## Data to examine
================

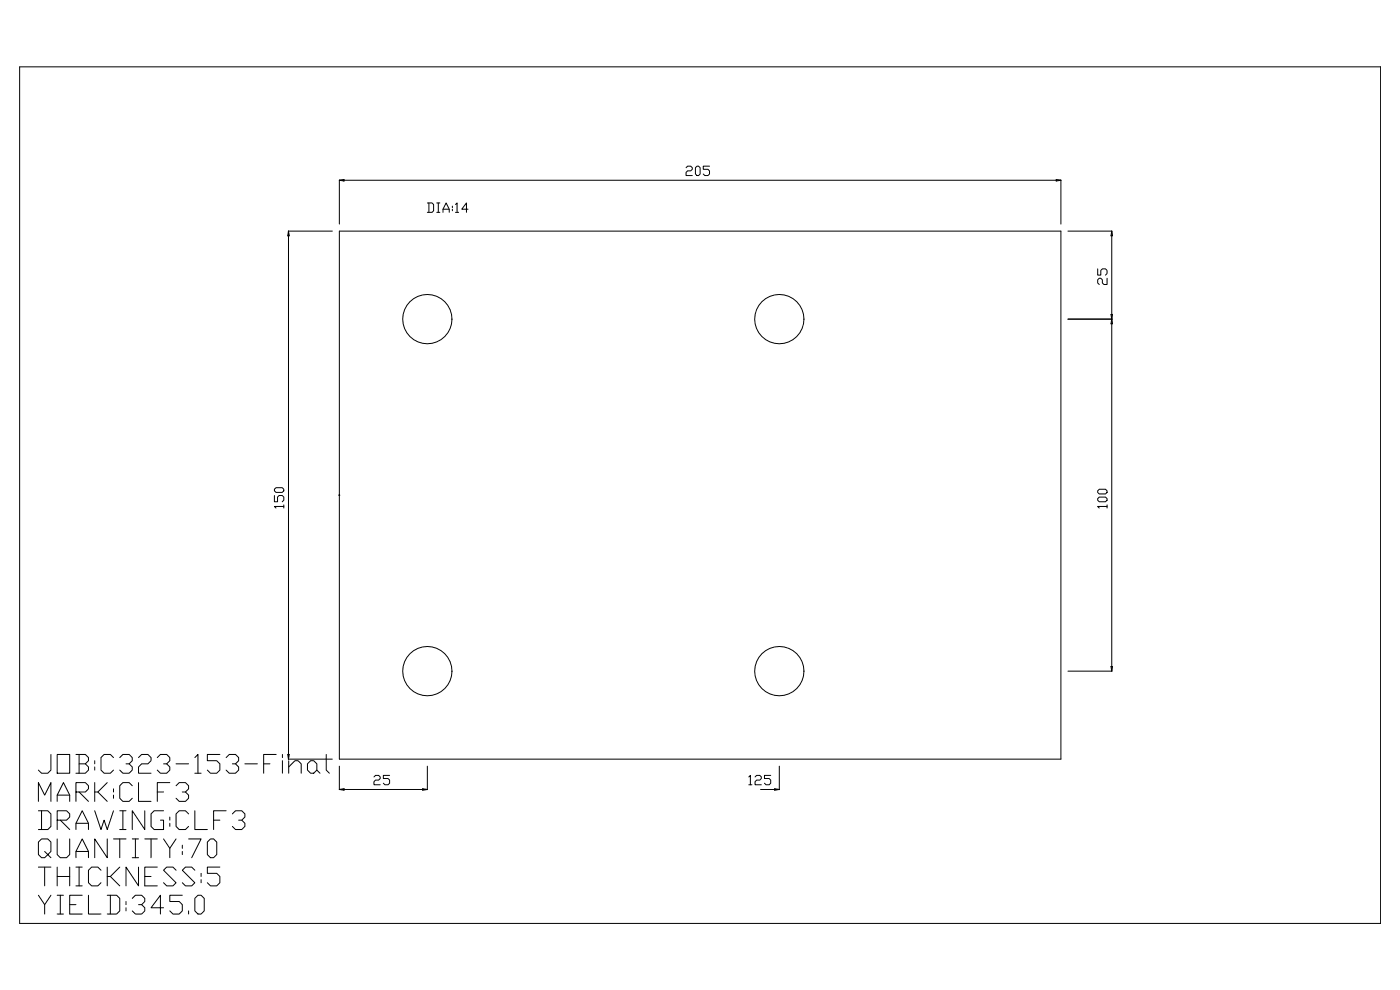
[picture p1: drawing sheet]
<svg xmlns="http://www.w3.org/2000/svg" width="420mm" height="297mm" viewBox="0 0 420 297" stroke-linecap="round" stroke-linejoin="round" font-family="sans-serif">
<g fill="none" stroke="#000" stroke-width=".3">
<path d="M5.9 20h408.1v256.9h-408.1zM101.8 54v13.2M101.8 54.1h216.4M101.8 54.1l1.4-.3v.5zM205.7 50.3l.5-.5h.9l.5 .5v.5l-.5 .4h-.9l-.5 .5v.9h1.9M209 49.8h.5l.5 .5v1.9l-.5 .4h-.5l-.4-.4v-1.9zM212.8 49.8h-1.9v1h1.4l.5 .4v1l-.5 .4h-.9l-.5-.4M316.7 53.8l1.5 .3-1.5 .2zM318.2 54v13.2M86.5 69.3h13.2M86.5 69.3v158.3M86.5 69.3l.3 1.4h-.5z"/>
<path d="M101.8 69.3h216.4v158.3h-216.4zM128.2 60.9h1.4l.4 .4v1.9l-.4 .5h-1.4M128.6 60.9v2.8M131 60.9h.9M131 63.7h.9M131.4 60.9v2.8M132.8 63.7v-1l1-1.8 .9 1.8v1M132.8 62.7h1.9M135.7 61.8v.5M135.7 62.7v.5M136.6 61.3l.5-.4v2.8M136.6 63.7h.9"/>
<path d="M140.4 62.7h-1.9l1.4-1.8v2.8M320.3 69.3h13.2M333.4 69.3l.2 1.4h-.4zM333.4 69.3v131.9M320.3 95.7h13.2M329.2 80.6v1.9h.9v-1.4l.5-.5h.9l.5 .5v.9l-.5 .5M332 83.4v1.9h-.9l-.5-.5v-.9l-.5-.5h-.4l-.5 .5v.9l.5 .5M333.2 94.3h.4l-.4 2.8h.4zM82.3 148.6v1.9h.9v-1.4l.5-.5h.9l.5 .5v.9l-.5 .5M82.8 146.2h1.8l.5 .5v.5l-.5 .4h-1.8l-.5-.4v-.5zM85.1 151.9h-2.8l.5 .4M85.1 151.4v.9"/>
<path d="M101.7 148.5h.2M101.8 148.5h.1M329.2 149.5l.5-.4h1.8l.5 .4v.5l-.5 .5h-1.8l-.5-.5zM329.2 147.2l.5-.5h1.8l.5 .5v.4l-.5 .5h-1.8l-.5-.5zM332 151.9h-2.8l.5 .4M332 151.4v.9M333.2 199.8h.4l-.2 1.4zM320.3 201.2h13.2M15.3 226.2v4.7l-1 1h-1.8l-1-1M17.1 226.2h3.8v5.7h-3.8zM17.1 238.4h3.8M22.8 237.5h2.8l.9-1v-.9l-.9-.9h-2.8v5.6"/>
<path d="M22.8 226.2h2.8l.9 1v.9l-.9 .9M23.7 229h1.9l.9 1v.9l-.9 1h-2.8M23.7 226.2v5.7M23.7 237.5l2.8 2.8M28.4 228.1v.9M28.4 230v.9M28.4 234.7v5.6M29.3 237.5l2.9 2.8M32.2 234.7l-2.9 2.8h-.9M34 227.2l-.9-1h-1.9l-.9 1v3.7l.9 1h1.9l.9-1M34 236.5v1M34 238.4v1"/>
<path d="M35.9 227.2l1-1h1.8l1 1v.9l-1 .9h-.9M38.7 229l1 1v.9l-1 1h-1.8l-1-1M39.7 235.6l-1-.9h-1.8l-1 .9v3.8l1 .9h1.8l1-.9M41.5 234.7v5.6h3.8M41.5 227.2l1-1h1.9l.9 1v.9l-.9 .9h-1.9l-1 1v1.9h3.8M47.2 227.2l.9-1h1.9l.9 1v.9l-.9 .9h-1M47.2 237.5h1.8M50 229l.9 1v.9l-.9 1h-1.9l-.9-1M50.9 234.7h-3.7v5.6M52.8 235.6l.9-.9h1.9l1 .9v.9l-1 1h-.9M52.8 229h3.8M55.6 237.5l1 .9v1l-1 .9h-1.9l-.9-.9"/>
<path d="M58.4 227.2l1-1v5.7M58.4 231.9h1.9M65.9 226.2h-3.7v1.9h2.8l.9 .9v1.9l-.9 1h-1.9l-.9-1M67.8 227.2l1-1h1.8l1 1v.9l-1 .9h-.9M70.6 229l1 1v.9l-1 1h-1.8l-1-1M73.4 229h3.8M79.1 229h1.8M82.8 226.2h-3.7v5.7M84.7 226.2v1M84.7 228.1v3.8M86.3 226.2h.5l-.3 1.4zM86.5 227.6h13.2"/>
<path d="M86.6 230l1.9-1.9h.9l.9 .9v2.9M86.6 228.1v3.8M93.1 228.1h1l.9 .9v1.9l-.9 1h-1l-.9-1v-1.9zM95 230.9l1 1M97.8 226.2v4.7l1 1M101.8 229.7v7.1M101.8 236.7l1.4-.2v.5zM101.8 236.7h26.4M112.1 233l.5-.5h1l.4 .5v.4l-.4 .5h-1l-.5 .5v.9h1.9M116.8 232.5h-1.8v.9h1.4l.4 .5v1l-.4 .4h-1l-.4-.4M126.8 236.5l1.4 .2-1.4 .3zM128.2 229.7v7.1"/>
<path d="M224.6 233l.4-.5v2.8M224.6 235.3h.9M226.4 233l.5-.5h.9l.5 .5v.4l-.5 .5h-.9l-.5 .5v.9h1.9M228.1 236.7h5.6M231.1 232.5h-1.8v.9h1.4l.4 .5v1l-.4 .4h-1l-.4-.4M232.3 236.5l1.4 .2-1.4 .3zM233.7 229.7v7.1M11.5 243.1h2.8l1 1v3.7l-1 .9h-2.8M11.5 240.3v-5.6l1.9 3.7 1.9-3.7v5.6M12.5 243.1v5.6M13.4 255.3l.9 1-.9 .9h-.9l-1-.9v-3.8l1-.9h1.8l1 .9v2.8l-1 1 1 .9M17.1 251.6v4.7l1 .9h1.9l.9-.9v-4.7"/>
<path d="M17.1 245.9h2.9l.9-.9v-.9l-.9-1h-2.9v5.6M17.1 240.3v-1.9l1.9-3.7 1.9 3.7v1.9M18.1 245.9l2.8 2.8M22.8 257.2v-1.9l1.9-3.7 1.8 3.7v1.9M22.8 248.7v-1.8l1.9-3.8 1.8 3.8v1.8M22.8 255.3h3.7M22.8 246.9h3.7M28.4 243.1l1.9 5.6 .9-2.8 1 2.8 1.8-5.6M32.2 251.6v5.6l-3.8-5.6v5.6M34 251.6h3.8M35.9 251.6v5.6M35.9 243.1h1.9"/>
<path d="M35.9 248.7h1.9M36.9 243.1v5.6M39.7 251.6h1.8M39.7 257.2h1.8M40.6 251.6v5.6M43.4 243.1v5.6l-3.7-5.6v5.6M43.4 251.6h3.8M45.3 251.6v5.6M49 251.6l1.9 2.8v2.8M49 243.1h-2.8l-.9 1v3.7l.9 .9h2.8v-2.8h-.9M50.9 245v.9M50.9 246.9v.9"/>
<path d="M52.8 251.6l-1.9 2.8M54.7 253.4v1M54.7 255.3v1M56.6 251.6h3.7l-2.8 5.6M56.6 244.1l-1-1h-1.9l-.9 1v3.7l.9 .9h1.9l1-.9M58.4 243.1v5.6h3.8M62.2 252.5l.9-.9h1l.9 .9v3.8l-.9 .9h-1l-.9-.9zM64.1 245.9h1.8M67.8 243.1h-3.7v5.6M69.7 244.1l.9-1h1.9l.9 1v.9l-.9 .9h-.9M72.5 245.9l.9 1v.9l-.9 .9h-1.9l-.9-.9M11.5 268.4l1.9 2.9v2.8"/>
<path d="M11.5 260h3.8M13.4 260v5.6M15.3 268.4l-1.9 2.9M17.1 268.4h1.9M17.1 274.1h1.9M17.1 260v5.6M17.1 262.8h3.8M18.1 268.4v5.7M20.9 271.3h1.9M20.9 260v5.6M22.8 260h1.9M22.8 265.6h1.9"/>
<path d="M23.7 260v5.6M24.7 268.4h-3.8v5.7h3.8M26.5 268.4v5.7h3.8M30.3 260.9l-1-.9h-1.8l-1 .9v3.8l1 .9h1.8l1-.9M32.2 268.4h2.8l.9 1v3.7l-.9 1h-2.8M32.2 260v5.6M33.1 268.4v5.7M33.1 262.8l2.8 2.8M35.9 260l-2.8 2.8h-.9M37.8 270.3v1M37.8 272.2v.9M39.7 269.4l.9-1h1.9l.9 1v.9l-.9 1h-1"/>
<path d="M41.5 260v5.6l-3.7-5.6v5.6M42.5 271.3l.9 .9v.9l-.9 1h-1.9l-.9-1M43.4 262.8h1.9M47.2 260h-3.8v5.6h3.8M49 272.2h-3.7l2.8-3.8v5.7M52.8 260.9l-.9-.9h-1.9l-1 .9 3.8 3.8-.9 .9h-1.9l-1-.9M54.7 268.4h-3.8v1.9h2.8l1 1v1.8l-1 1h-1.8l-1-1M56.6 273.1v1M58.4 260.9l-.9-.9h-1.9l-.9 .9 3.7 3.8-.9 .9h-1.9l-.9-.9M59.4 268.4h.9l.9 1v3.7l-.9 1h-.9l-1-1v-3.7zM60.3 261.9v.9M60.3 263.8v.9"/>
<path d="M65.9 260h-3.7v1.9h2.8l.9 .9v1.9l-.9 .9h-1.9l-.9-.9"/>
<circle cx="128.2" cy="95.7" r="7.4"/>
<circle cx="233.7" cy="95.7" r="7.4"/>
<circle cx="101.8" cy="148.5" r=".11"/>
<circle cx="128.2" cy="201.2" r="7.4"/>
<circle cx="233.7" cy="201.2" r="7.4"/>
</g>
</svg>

================

## Activity
Output the lines of the data exactly, starting at the first and ending with the line that has "20h408.1v256.9h-408.1zM101.8 54v13.2M101.8 54.1h216.4M101.8". Pictures are not part of it.

## Response for this exercise
[picture p1: drawing sheet]
<svg xmlns="http://www.w3.org/2000/svg" width="420mm" height="297mm" viewBox="0 0 420 297" stroke-linecap="round" stroke-linejoin="round" font-family="sans-serif">
<g fill="none" stroke="#000" stroke-width=".3">
<path d="M5.9 20h408.1v256.9h-408.1zM101.8 54v13.2M101.8 54.1h216.4M101.8 54.1l1.4-.3v.5zM205.7 50.3l.5-.5h.9l.5 .5v.5l-.5 .4h-.9l-.5 .5v.9h1.9M209 49.8h.5l.5 .5v1.9l-.5 .4h-.5l-.4-.4v-1.9zM212.8 49.8h-1.9v1h1.4l.5 .4v1l-.5 .4h-.9l-.5-.4M316.7 53.8l1.5 .3-1.5 .2zM318.2 54v13.2M86.5 69.3h13.2M86.5 69.3v158.3M86.5 69.3l.3 1.4h-.5z"/>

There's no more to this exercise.